- Born: Seán McGinley c. 1952 Gweedore, County Donegal
- Died: 1 November 2009
- Occupation: Actor
- Spouse: Theresa McGinley (19??–2009; his death)
- Children: 4

= Seán Mac Fhionnghaile =

Irish actor (c.1952–2009)

Seán McGinley (c. 1952 – 1 November 2009), known as Seán Mac Fhionnghaile, was an Irish actor from County Donegal. He was known primarily for his comic roles, particularly for his leading roles in the TG4 sitcoms C.U. Burn and Gleann Ceo, as well as RTÉ Raidió na Gaeltachta comedy series Cois Cuan.
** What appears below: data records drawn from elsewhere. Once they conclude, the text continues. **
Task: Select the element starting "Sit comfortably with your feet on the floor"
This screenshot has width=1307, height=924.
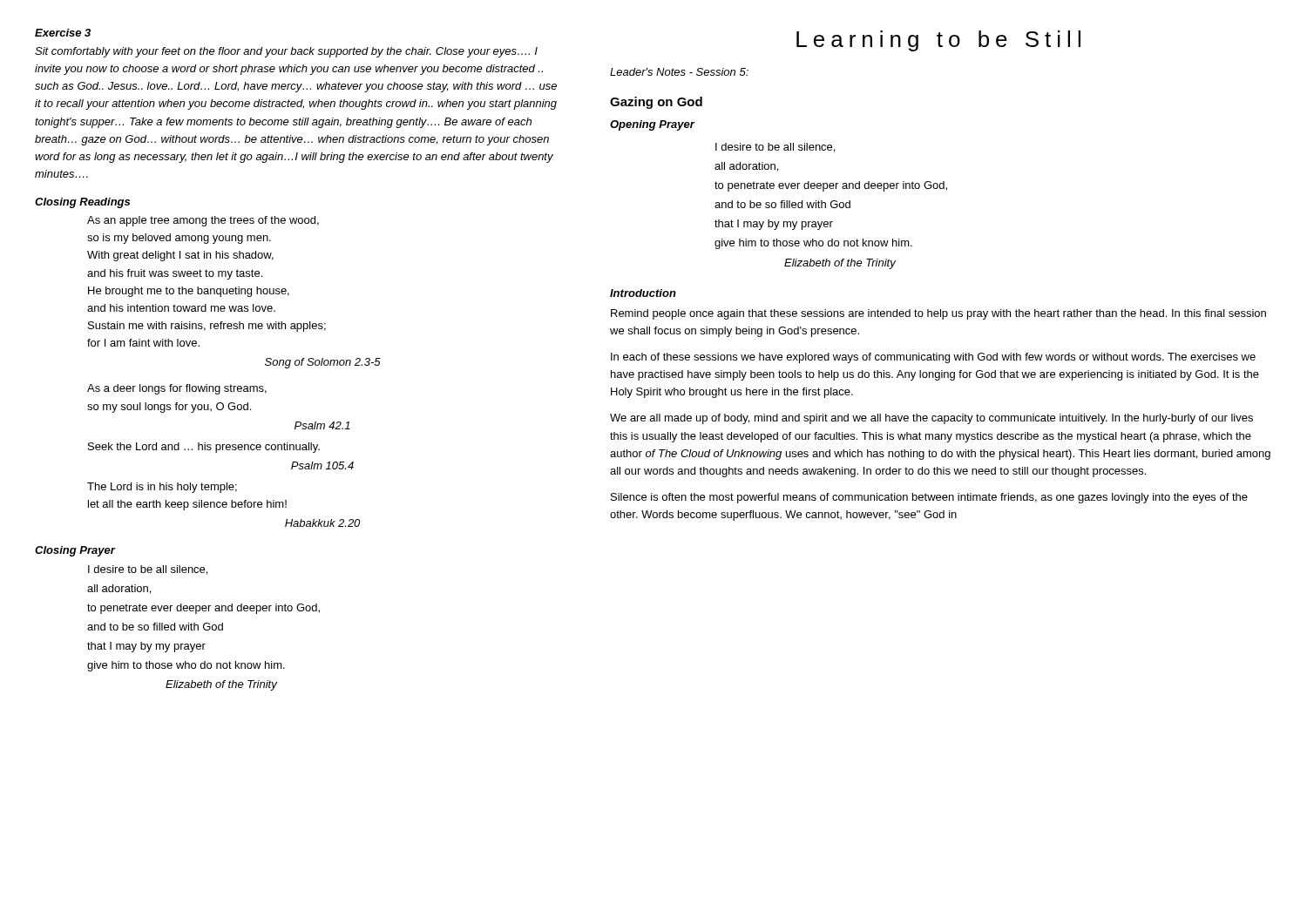Action: (296, 112)
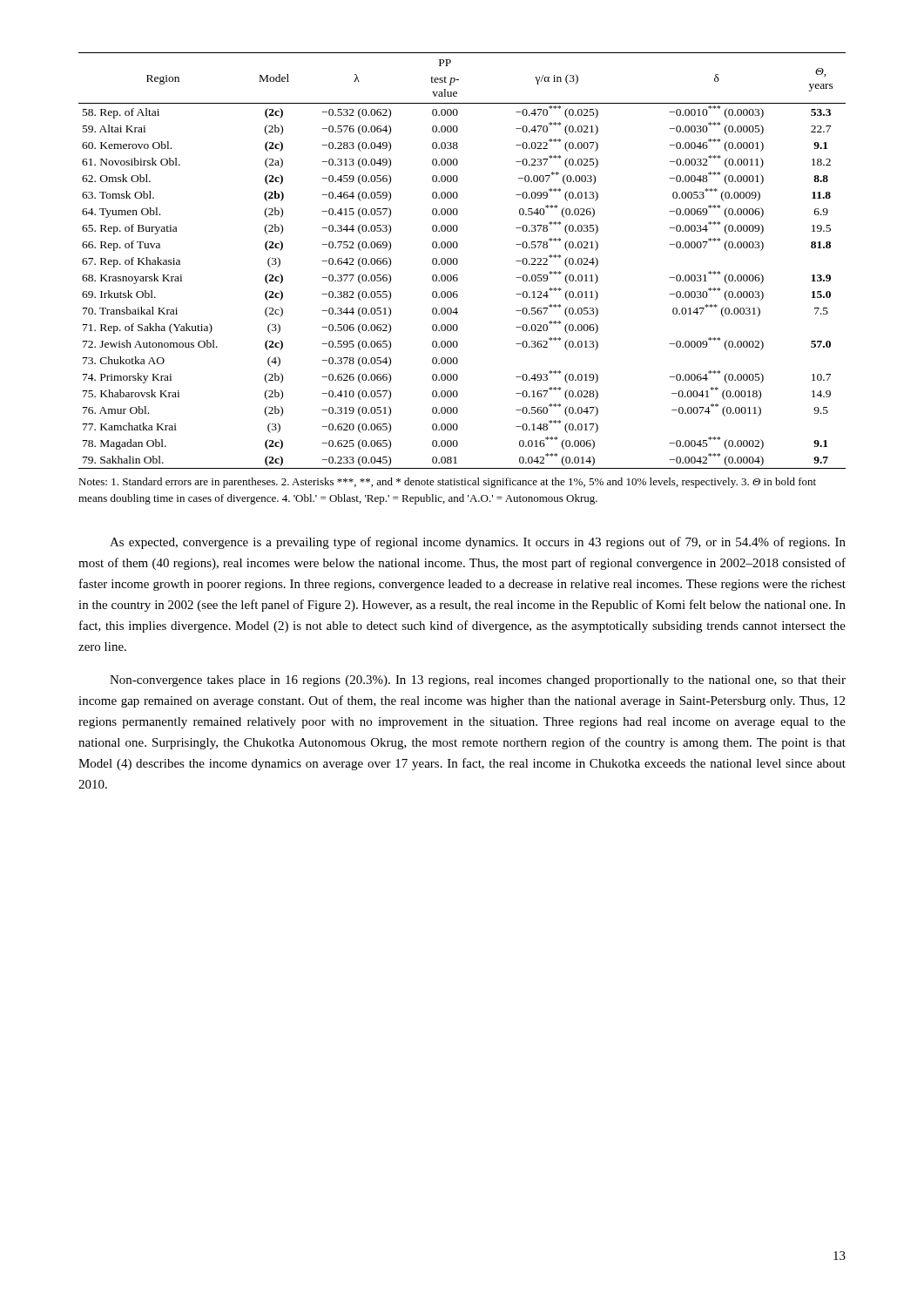Point to the block beginning "Notes: 1. Standard"

point(447,490)
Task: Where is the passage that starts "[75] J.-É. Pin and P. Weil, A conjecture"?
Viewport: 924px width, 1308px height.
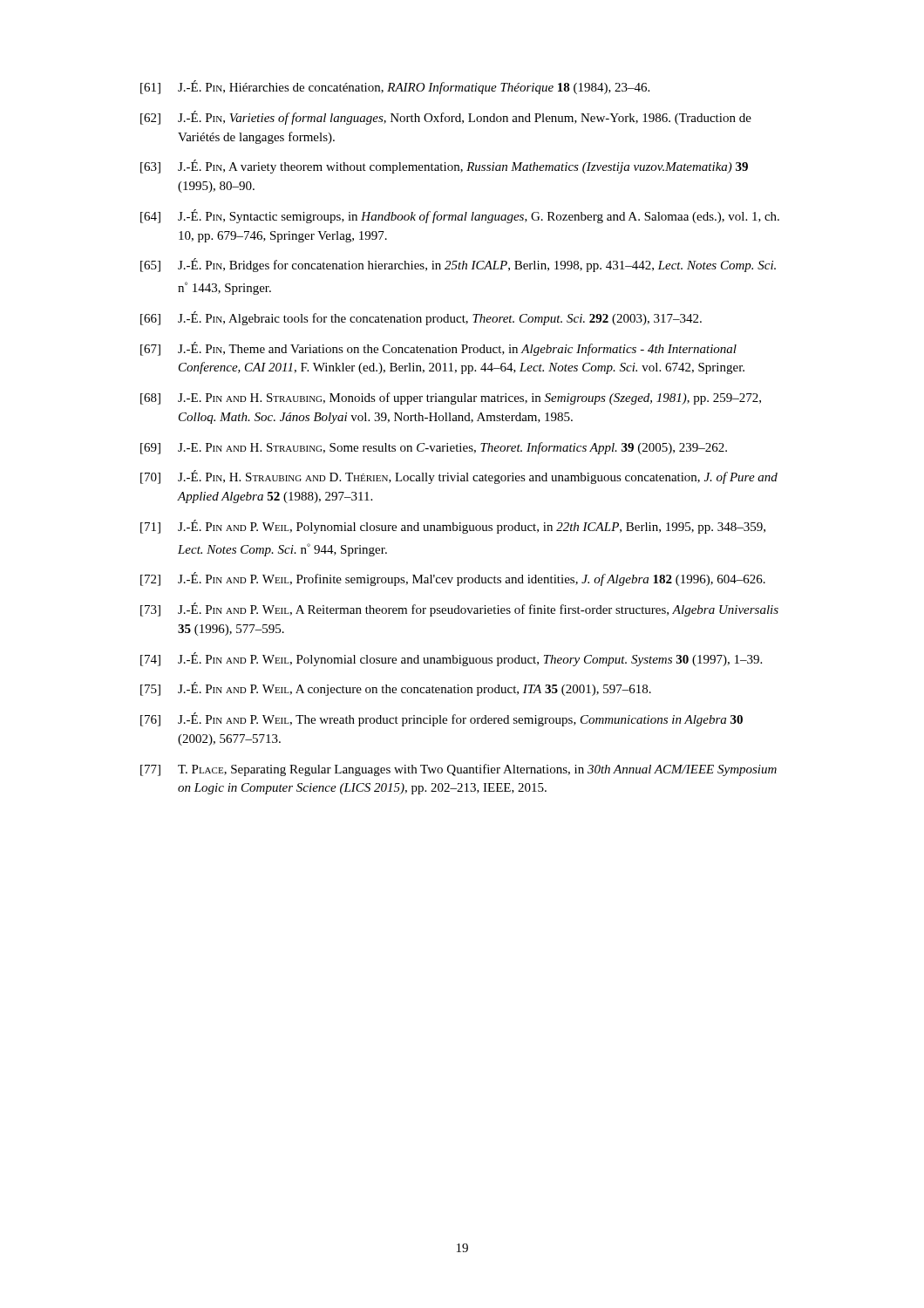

He was executive producer for the 12-part series, FFC, and was a member of Aisteoiri Ghaoth Dobhair, an actors' group.

==Early life==
He was born Seán McGinley in Gweedore, County Donegal. His mother, Grainne, would survive him.

==Career==
Best known for his leading roles in television shows such as CU Burn and Gleann Ceo, he was executive producer for a further 12-part series, FFC, for TG4. He was involved in the RTÉ Raidió na Gaeltachta comedy programme Cois Cuan. He also established Cul a Tigh, a television production company. He transformed a run-down factory near his home into a training school and production centre.

==Personal life==
He and his wife Theresa had two daughters and two sons together. He died on 1 November 2009 at the age of 57 following a two year battle with cancer. His funeral took place at Saint Columba's Church in Brinalack, Gaoth Dobhair two days later.